How to structure a campaign that works? Optimize beyond the keyword level, using multivariate optimization. Then he briefly discusses day parting. Rules: track results each day, focus on conversion rate and CPO, bid according to the Conversion rate (if conversion rate goes up 20% on a Tuesday, bid up 20% on Tuesdays). He shows an example which was 28% more effective through the addition of day parting.
Jon Kelly is next up, from Sure Hits. His topic will be long tail keywords and geo-targeting. What is the “keyword long tail?” “Home loan” is a “head” term that generates a tremendous amount of traffic, versus thousands of phrases that generate only one search per month or year, such as “Topeka Kansas home equity loan rates.” These small volume terms add up. People who use these terms are indicating a clear intention. This can yield a better conversion rate. Also, since less people are bidding on the long tail terms, this can lead to lower CPC.

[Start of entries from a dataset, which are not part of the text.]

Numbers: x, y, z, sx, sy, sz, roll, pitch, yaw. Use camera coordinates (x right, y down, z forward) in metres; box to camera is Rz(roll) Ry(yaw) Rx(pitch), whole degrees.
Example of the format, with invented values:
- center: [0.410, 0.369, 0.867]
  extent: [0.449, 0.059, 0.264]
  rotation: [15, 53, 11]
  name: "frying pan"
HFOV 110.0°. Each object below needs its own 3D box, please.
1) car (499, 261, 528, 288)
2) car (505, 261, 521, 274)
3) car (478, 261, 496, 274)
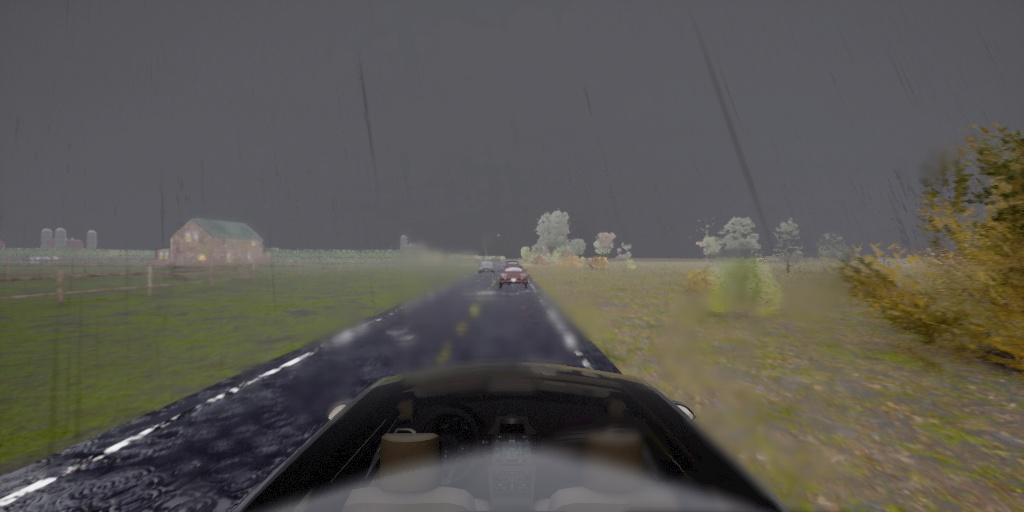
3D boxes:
- center: [0.101, 1.301, 24.151]
  extent: [1.812, 1.442, 4.674]
  rotation: [0, 0, 0]
  name: "car"
- center: [0.102, 1.332, 42.615]
  extent: [1.837, 1.490, 4.892]
  rotation: [0, 0, 0]
  name: "car"
- center: [-2.833, 1.330, 41.666]
  extent: [1.837, 1.490, 4.892]
  rotation: [0, 0, 0]
  name: "car"

3 action steps that they take at Sure Hits: 1. calculating click value. For a low-volume phrase, discover the probability of conversion and the value of conversion. In this case, there are 3 attributes that most people use: geography, product, and type of request. The wrong way to analyze this data is in buckets. Do not use all Oklahoma in one bucket, all home equity loan terms in another bucket, etc. He advocates the use of “tagging keywords,” almost like tagging pictures or blog posts. Tags help to predict conversions. For example searches containing “city” and “rates” are lower converting phrases, while a state-inclusive search tends to be a higher converting word. Also look at value of head versus tail. For home loan, the click value may work out to $7, where the longer tail term could be worth $15. Again, this is modeled using the tags.

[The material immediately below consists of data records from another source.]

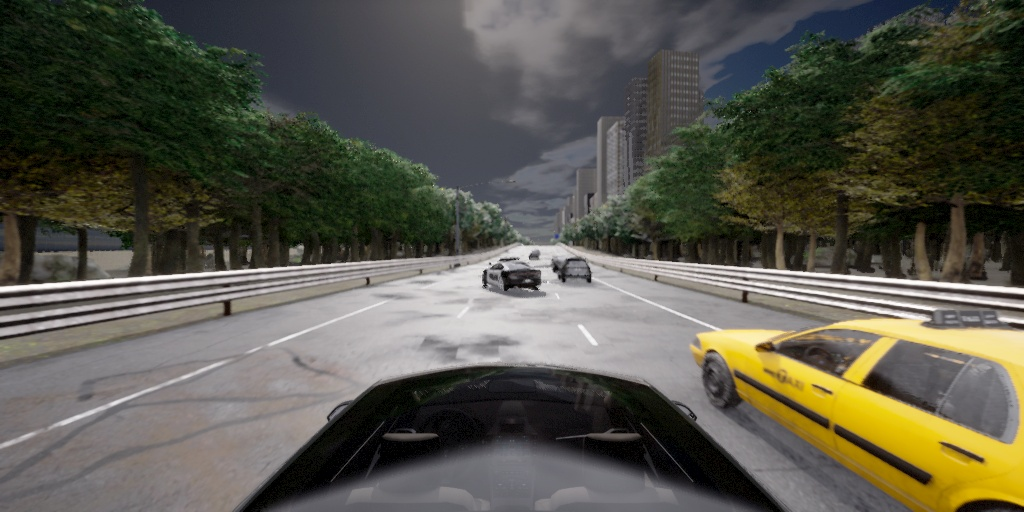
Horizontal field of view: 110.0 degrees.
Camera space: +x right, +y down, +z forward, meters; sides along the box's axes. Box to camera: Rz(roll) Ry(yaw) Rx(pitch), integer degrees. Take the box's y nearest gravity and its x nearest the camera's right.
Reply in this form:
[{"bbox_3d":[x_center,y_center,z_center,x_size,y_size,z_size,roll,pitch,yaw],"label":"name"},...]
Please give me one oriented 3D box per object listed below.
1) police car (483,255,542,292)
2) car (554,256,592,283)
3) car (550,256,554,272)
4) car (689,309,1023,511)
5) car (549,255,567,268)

2nd action step: reward the users’ choices. Use market model to tag the keywords, and then serve up a specific landing page which offers the consumer exactly what they are looking for. If you go the extra mile and systematically show the consumer what they are looking for, you will have better results.
3rd area: watch campaign data. One of the reasons that city phrases are often problematic, is that they are also brand phrases. A search for “Phoenix mortgages” could actually be for the Phoenix mortgage company, and a click on your listing will be a waste of that is the specific brand they are already seeking.

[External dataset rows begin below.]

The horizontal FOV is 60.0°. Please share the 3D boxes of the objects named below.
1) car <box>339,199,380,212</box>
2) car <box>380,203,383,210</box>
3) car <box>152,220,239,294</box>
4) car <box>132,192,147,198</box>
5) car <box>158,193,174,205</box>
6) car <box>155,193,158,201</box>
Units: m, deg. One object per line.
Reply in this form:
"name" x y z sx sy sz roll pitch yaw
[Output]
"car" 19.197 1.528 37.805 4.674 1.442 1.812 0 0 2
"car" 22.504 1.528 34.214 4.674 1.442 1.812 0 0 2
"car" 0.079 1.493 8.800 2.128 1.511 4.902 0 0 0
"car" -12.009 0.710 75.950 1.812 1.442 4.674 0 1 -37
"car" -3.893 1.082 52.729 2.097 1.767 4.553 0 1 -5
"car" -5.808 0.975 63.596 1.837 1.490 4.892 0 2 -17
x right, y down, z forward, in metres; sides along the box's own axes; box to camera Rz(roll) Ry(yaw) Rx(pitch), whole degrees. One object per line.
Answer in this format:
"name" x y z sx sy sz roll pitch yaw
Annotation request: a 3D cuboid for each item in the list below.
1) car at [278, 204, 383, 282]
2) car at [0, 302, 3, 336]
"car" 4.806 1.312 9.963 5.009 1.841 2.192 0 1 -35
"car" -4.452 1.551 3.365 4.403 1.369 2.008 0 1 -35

Watch out for “fake tail phrases,” homonyms (Mobile home loans instead of “Mobile Alabama home loans” leads some to think mobile home and pothers to think home in Mobile, AL). They found through research that some geo targeting was simply not working, like in the case with Houston Texas. They removed Houston, and it made a huge difference in the campaign. Looking for areas of a campaign where something doesn’t look right, and acting on that through research, is key.
Matt Van Wagner from Find Me Faster, presenting “New Fish, Old Socks, and a New Attitude.” He will talk about dynamic keyword insertion, or DKI. He has heard lots of different comments/feelings about this. Has heard that it improves CTR and quality score, that it requires a secret sauce, and that it improves ad relevance. These are all good myths. Cons include that you lose control of what the ad will look like, it can be complex to understand, and it can have an impact of decrease in conversion.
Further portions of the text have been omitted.